Water at 110°F ------------------- 750ml
(pinch of sodium sulfite added first to help the Metol dissolve)
Metol -------------------------------- 1/3 tsp (just estimate - if you've got a 1/4 tsp measure then that heaping)
Sodium sulfite -------------------- 4 tsp (1 Tbsp + 1 tsp is easiest; 1 Tbsp = 3 tsp)
Hydroquinone -------------------- 1 1/2 tsp light (i.e., just a smidge less; really doesn't matter)
Sodium carbonate, mono. --- 1 1/2 Tbsp
Potassium bromide ------------ 1/8 tsp
Water to make ------------------ 1 liter

I usually double this and make 2 liters of working solution at a time.

There's lots of leeway in D-72. You can vary the proportions by quite a bit and still have a great print developer. If you want more active, add a bit more carbonate. I'll often at BTA to this as well during printing to clear whites a bit if I need. As long as you are relatively consistent, you'll have a developer that mixes easily and acts the same every time. I've got balance beam scales and digital scales for more precise things, but I don't need them for mixing D-72 or ID-62.

Hope this helps,

Doremus

+1000. To my mind D72 was Kodak's best kept hidden secret (along with their much-maligned film developer, the infamous DK60a) and several of my fellow darkroom enthusiasts who also mix their own at home agree with this.

D72 is easily whipped up and bending a few rules in the mix can produce some interesting results. After years of aiming for high contrast with shadow details I finally gave up on this and decided to go entirely the way of printing for mid-tones, which should have been obvious to me back in the 1970s but hey, I'm a slow learner.

Fiddling a bit with the metol-hydroquinone mix can give you some interesting results in the mid greys. Keep notes of what you do and experiment - my method is to brew up a liter of normal stock D72, decant it into 200 ml bottles, and then add bits and pieces in small amounts to mix up 600 ml of 'finished' developer.

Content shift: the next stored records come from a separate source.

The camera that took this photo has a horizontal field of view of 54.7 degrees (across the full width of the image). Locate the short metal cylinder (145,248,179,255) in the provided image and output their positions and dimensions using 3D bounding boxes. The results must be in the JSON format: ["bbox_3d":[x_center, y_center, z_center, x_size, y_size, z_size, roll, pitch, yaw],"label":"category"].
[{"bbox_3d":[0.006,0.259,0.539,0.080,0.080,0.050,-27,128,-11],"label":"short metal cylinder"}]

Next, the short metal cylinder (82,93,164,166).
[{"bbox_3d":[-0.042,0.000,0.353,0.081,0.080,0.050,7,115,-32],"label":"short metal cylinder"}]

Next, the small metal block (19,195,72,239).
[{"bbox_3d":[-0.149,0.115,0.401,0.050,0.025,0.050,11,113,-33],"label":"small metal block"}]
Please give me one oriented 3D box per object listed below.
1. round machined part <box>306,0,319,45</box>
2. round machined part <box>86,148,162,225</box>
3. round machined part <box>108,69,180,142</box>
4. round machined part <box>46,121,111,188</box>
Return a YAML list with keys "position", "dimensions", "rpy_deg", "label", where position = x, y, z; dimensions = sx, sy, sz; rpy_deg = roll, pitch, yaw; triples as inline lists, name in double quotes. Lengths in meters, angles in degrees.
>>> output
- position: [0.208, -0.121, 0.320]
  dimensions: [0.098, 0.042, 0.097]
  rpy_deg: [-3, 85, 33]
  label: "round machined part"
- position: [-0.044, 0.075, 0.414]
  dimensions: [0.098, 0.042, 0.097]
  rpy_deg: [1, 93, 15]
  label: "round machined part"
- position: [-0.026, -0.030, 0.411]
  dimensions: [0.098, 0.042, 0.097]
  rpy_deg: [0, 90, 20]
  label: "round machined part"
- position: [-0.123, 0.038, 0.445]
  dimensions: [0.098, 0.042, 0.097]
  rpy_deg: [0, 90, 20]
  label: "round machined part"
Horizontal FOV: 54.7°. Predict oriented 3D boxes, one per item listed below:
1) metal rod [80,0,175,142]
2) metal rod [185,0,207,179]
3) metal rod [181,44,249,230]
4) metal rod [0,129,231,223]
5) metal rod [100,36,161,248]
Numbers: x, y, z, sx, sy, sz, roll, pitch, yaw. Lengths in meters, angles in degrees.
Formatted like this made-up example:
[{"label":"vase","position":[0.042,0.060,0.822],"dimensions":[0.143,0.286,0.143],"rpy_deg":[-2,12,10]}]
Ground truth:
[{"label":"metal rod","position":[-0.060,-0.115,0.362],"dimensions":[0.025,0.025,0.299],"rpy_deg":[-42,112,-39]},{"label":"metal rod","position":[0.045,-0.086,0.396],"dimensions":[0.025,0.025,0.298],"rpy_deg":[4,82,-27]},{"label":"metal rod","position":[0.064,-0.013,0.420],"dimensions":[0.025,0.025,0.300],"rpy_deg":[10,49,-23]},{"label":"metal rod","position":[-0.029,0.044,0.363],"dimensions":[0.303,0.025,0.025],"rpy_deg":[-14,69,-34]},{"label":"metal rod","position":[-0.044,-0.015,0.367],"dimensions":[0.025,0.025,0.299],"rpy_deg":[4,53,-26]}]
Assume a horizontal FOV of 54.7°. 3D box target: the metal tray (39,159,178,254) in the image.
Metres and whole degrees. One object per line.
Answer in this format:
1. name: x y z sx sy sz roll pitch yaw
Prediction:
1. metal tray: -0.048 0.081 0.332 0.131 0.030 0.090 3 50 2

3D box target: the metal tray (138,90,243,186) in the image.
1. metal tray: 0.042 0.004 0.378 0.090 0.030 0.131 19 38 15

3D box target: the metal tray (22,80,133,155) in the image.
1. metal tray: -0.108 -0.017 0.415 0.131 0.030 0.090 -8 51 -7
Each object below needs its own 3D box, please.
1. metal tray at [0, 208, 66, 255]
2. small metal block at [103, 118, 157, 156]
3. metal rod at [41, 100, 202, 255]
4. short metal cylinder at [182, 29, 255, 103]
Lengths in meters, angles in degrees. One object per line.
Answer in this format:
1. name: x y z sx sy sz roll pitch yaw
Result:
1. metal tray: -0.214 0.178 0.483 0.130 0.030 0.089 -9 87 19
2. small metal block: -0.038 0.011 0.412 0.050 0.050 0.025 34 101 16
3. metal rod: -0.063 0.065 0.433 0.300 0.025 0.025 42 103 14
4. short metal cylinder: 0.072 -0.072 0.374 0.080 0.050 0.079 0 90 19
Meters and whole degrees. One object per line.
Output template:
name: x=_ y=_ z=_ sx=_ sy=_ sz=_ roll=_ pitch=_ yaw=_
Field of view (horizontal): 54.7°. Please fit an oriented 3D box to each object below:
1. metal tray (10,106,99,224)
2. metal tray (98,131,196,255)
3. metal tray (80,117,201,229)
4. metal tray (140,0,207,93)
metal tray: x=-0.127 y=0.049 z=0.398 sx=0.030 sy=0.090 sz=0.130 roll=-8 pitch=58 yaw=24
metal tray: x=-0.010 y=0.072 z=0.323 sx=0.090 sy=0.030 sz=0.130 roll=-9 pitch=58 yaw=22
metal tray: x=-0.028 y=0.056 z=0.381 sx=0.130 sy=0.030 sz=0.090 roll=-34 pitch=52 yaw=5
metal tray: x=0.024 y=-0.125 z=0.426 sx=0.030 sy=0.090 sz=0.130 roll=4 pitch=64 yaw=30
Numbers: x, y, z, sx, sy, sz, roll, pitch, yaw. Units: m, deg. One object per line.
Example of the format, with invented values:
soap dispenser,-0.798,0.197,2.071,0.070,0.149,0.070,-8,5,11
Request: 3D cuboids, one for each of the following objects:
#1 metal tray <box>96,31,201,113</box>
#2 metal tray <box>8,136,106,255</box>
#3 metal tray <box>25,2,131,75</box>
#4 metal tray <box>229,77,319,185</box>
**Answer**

Going easy or heavy on the pot-brom (potassium bromide to most of you) will also show immediate results. As one who still has a fair stock of outdated printing paper in my darkroom, I've also learned how to use 'benzo' (-triazole) along with the bromide, but a word of caution here, these two when put together don't always make a good partnership. I've found it best to err on the side of heavy with the benzo, light with the pot-brom. Again, experiment and keep detailed notes along with sample prints.

Then there was the time I added a bit of sodium hydroxide to one bottle of my stock mixture... try it and see.

I could say more but a lot of the fun is in the experimenting, so just go for it.

(As an afterthought) Doremus, have you ever worked with Kodak DK60a? A few friends still use it, and say if mixed with a little care, it's the closest thing to Kodak's HC-110 for mid tones. I'm still on my last stocks of HC-110 concentrate and I was a Thornton's Two Bath developer fan (some would say fanatic) for a long time, but DK60a was my preferred film brew in Canada back in the 1960s and I'm thinking about returning to it for nostalgia's sake - how will it work with 21st century T-grain films?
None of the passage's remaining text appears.